Mimi Webb concert chronology
- ; Amelia Tour (2023); The Confessions Tour (2025);

= Amelia Tour =

2023 concert tour by Mimi Webb

The Amelia Tour was the debut headlining concert tour by British singer-songwriter Mimi Webb, launched in support of her first studio album, Amelia. The tour marked Webb’s first full-scale international outing as a headlining artist and spanned Europe and North America across 52 shows.

Announced on 20 October 2022 via Instagram, the tour commenced on 14 March 2023 at Plaza Club in Zurich and concluded on 15 October 2023 at Zilker Park in Austin as part of the Austin City Limits Music Festival.

==Background==
Following the commercial breakthrough of her early extended plays and charting singles, Webb released Amelia in 2023 as her debut studio album. The record showcased a maturation in songwriting and production, blending contemporary pop with elements of synth-pop and emotional balladry. In support of the album, Webb announced her first major headlining tour, signaling a transition from supporting-act appearances to a fully realized global production centered around her own catalog.

The tour announcement was accompanied by a promotional campaign across social media platforms, with initial dates covering major European cities before expanding to North America due to demand. Additional dates were later added in select markets as ticket sales proved strong, particularly in the United Kingdom and key U.S. metropolitan areas.

==Development and production==
The Amelia Tour was designed to reflect the thematic arc of Amelia, which explored personal growth, heartbreak, and empowerment. The stage design incorporated minimalist yet atmospheric lighting, LED backdrops, and elevated platforms to create dynamic visual transitions between upbeat pop numbers and stripped-back ballads.

Webb’s performance style emphasized live vocals, with arrangements often extended to include instrumental breakdowns and audience interaction segments. The production balanced intimate moments—such as acoustic renditions with high-energy choreography during radio singles.

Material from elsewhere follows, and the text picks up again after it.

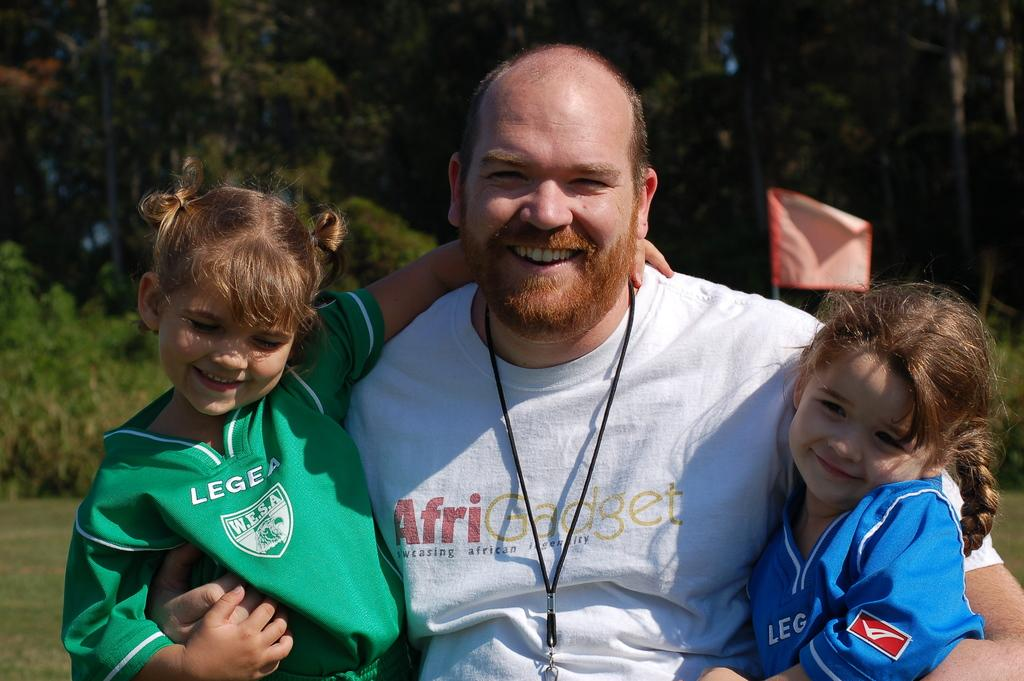<image>
Write a terse but informative summary of the picture. A man in an AfriGadget shirt holds up two young girls. 
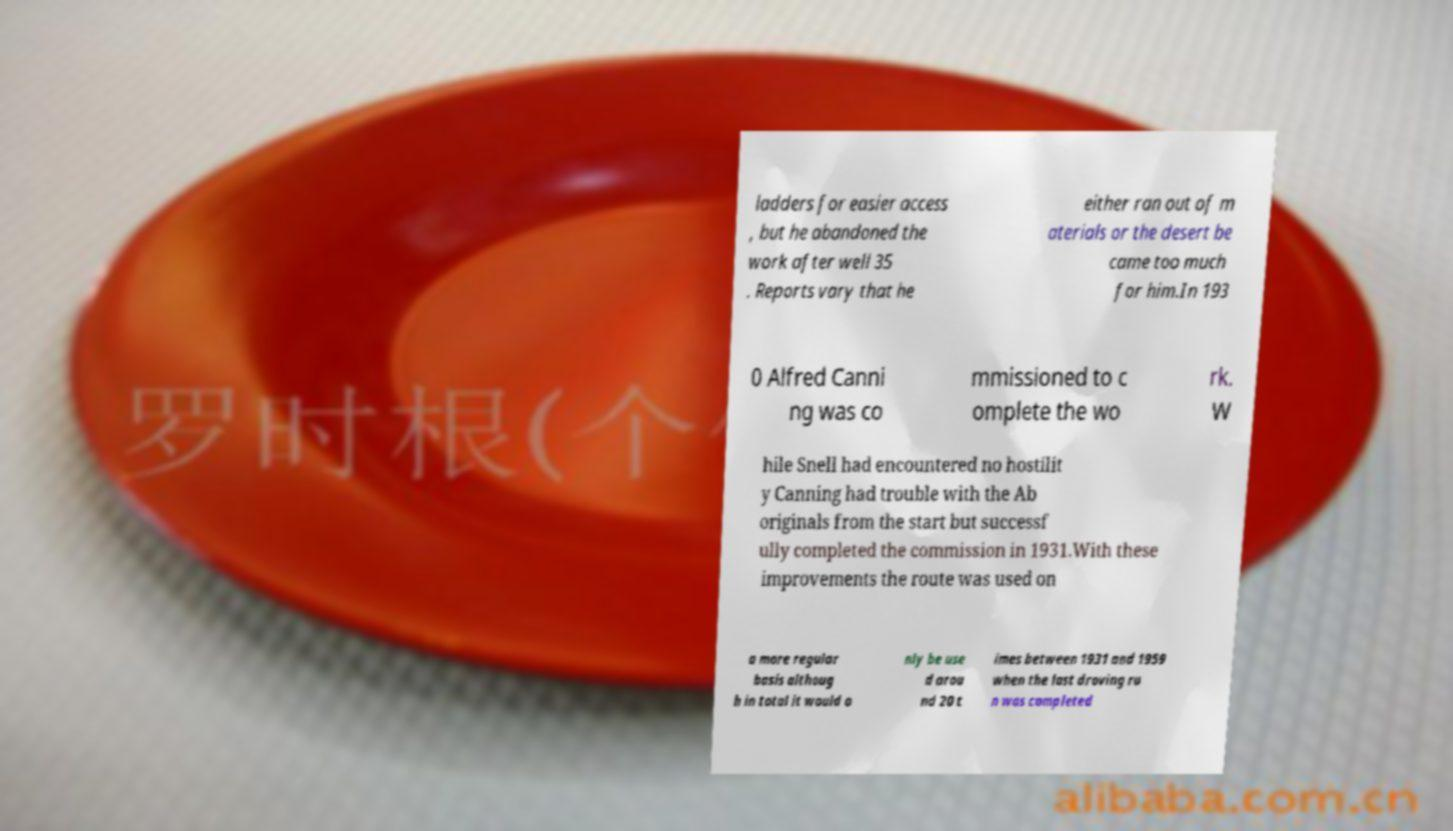Can you accurately transcribe the text from the provided image for me? ladders for easier access , but he abandoned the work after well 35 . Reports vary that he either ran out of m aterials or the desert be came too much for him.In 193 0 Alfred Canni ng was co mmissioned to c omplete the wo rk. W hile Snell had encountered no hostilit y Canning had trouble with the Ab originals from the start but successf ully completed the commission in 1931.With these improvements the route was used on a more regular basis althoug h in total it would o nly be use d arou nd 20 t imes between 1931 and 1959 when the last droving ru n was completed

The European leg consisted primarily of club and mid-sized theater venues, while the North American dates included a mix of theaters, music halls, and festival appearances. The closing performance at Zilker Park placed Webb on one of the largest stages of the tour, performing to a festival audience significantly larger than those at the tour’s opening venues.

==Tour synopsis==
The setlist typically opened with an energetic track from Amelia, immediately establishing the album’s sonic identity. The middle section of the show often transitioned into emotionally driven ballads, accompanied by reduced instrumentation to highlight vocal delivery. Encores frequently featured some of Webb’s most recognizable singles, creating a climactic conclusion.

While the core structure of the setlist remained consistent, select performances included minor variations, such as acoustic interludes or cover songs tailored to regional audiences. Critics noted the coherence of the show’s narrative flow, aligning the concert’s progression with the emotional trajectory of the album.

==Commercial performance==
Across its 52 shows, the Amelia Tour solidified Webb’s status as a viable international headliner. Several dates reportedly sold out, particularly in the United Kingdom and select U.S. cities. The expansion into North America represented a strategic milestone, introducing Webb to broader live audiences beyond Europe.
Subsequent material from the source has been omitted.